Delaying them to help me escape.

Obeying Kwuteg's cry, she dashed to the river's edge and plunged headfirst into the water. The river was a freezing shock after the heat of the run. It stunned her for a moment and she floundered outward, struggling to swim and regain her breath. The precious kit floated and bumped against the back of her head.

The Idaho River was not wide here, no more than fifty meters, a gently sweeping curve with sandy indentations fringed by roots and shelving banks of lush reeds and grass where the water refused to stay in the straight lines Leto's engineers had designed. Siona was strengthened by the knowledge that the D-wolves had been conditioned to stop at the water. Their territorial boundaries had been drawn, the river on this side and the desert wall on the other side. Still, she swam the last few meters underwater and surfaced in the shadows of a cutbank before turning and looking back.

The wolf pack stood ranged along the bank, all except one which had come down to the river's edge. It leaned forward with its forefeet almost into the flow. She heard it whine.

Siona knew the wolf saw her. No doubt of that. D-wolves were noted for their keen eyesight. There were Gaze Hounds

in the ancestry of Leto's forest guardians and he bred the wolves for their eyesight. She wondered if this once the wolves might break through their conditioning. They were mostly sight-hunters. If that one wolf at the river's edge should enter the water, all might follow. Siona held her breath. She felt the dragging of exhaustion. They had come almost thirty kilometers, the last half of it with the D-wolves close behind.

The wolf at the river's edge whined once more then leaped back up to its companions. At some silent signal, they turned and loped back into the forest.

Siona knew where they would go. D-wolves were allowed to eat anything they brought down in the Forbidden Forest. Everyone knew this. It was why the wolves roamed the forest the guardians of the Sareer.

"You'll pay for this, Leto," she whispered. It was a low sound, her voice, very close to the quiet rustling of the water against the reeds just behind her. "You'll pay for Ulot, for Kwuteg and for all the others. You'll pay."

She pushed outward gently and drifted with the current until her feet met the first shelving of a narrow beach. Slowly, her body dragged down by fatigue, she climbed from the water and paused to check that the sealed contents of her kit had remained dry. The seal was unbroken. She stared at it a moment in the moonlight, then lifted her gaze to the forest wall across the river.

The price we paid. Ten dear friends.

Tears glimmered in her eyes, but she had the stuff of the ancient Fremen and her tears were few.
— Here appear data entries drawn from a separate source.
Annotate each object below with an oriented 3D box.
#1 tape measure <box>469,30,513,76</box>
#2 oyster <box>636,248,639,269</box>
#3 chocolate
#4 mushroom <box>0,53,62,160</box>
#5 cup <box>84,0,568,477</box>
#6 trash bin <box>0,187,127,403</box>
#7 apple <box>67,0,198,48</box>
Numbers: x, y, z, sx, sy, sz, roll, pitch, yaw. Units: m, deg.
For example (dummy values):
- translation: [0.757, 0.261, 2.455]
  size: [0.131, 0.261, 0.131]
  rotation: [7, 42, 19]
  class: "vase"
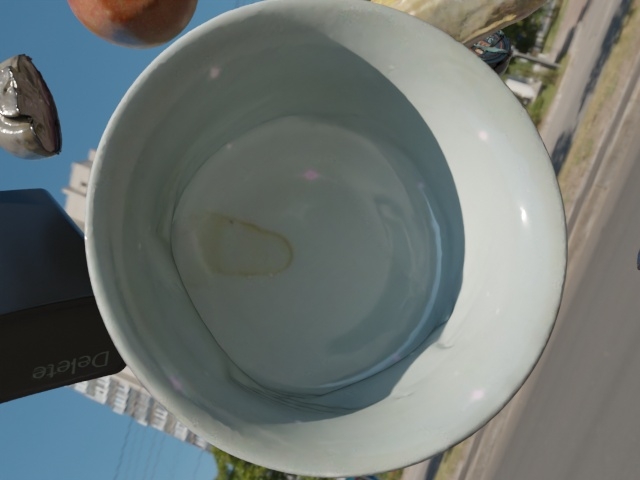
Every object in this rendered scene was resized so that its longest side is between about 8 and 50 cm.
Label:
- translation: [0.232, -0.276, 1.010]
  size: [0.091, 0.094, 0.054]
  rotation: [-41, -21, -17]
  class: "tape measure"
- translation: [0.565, -0.001, 0.805]
  size: [0.361, 0.221, 0.096]
  rotation: [-48, 22, 55]
  class: "oyster"
- translation: [0.156, -0.281, 0.845]
  size: [0.309, 0.134, 0.134]
  rotation: [-26, 9, 27]
  class: "chocolate"
- translation: [-0.532, -0.222, 1.215]
  size: [0.188, 0.117, 0.141]
  rotation: [69, -164, 14]
  class: "mushroom"
- translation: [0.000, 0.000, 0.557]
  size: [0.163, 0.347, 0.347]
  rotation: [135, 160, -74]
  class: "cup"
- translation: [-0.322, 0.047, 0.730]
  size: [0.165, 0.225, 0.115]
  rotation: [-11, -50, -38]
  class: "trash bin"
- translation: [-0.250, -0.343, 0.908]
  size: [0.168, 0.180, 0.181]
  rotation: [-125, 53, -78]
  class: "apple"
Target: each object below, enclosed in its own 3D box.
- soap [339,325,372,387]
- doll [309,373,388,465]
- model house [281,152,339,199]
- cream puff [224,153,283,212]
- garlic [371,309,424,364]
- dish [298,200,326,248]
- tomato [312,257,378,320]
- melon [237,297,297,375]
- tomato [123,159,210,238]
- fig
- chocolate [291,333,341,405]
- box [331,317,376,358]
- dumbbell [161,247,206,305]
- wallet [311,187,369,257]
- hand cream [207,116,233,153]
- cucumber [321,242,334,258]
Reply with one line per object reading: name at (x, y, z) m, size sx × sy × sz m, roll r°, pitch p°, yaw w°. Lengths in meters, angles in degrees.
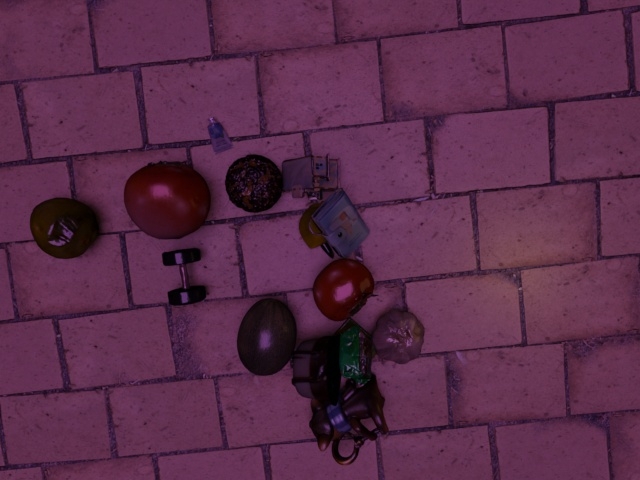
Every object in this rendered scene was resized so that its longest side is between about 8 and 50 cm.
soap at (0.145, 0.457, 1.644) m, size 0.098 × 0.273 × 0.218 m, roll -4°, pitch 70°, yaw 14°
doll at (0.125, 0.732, 1.766) m, size 0.340 × 0.209 × 0.318 m, roll -28°, pitch 61°, yaw 2°
model house at (-0.006, -0.250, 1.681) m, size 0.206 × 0.271 × 0.178 m, roll -6°, pitch 94°, yaw -34°
cream puff at (-0.268, -0.226, 1.685) m, size 0.239 × 0.165 × 0.239 m, roll 1°, pitch 96°, yaw 13°
garlic at (0.321, 0.393, 1.730) m, size 0.228 × 0.152 × 0.228 m, roll 1°, pitch 87°, yaw -11°
dish at (-0.009, -0.069, 1.722) m, size 0.149 × 0.080 × 0.208 m, roll 14°, pitch 82°, yaw -8°
tomato at (0.091, 0.193, 1.683) m, size 0.256 × 0.256 × 0.224 m, roll -44°, pitch 77°, yaw 4°
melon at (-0.215, 0.385, 1.706) m, size 0.237 × 0.237 × 0.302 m, roll 9°, pitch 90°, yaw 0°
tomato at (-0.589, -0.152, 1.637) m, size 0.321 × 0.321 × 0.321 m, roll 0°, pitch 95°, yaw 1°
fig at (-1.041, -0.059, 1.695) m, size 0.271 × 0.239 × 0.239 m, roll 24°, pitch 95°, yaw 13°
chocolate at (-0.018, 0.513, 1.694) m, size 0.186 × 0.283 × 0.283 m, roll 1°, pitch 95°, yaw 8°
box at (0.156, 0.434, 1.806) m, size 0.193 × 0.030 × 0.121 m, roll 41°, pitch 94°, yaw -2°
dumbbell at (-0.557, 0.145, 1.735) m, size 0.152 × 0.152 × 0.218 m, roll -7°, pitch 94°, yaw 2°
wallet at (0.084, -0.061, 1.672) m, size 0.176 × 0.075 × 0.250 m, roll -47°, pitch 129°, yaw -11°
hand cream at (-0.423, -0.436, 1.740) m, size 0.084 × 0.053 × 0.142 m, roll -19°, pitch 104°, yaw 2°
cucumber at (0.000, 0.000, 1.771) m, size 0.036 × 0.033 × 0.184 m, roll -41°, pitch 90°, yaw -18°

The venture across the river, directly through the forest while the wolves patrolled the northern boundaries, then across the Last Desert of the Sareer and over the Citadel's ramparts-all of this already was assuming dream proportions in her mind... even the flight from the wolves which she had anticipated because it was a certainty that the guardian pack would cross the track of the invaders and be waiting... all a dream. It was the past.

I escaped.

She restored the kit with its sealed packet and fastened it once more against her back.

I have broken through your defenses, Leto.

Siona thought then about the cryptic volumes. She felt certain that something hidden in those lines of cipher would open the way for her revenge.

l will destroy you, Leto!

Not We will destroy you! That was not Siona's way. She would do it herself.

She turned and strode toward the orchards beyond the river's mowed border. As she walked she repeated her oath, adding to it aloud the old Fremen formula which terminated in her full name:

"Siona Ibn Fuad al-Seyefa Atreides it is who curses you, Leto. You will pay in full!"

The following is from the Hadi Benotto translation of the volumes discovered at Dar-es-Balat:

I WAS born Leto Atreides II more than three thousand standard years ago, measuring from the moment when I cause these words to be printed. My father was Paul Muad'Dib. My mother was his Fremen consort, Chani. My maternal grandmother was Faroula, a noted herbalist among the Fremen. My paternal grandmother was Jessica, a product of the Bene Gesserit breeding scheme in their search for a male who could share the powers of the Sisterhood's Reverend Mothers. My maternal grandfather was Liet-Kynes, the planetologist who organized the ecological transformation of Arrakis. My paternal grandfather was Leto Atreides, descendant of the House of Atreus and tracing his ancestry directly back to the Greek original.

Enough of these begats!

My paternal grandfather died as many good Greeks did, attempting to kill his mortal enemy, the old Baron Vladimir Harkonnen. Both of them rest uncomfortably now in my ancestral memories. Even my father is not content. I have done what he feared to do and now his shade must share in the consequences.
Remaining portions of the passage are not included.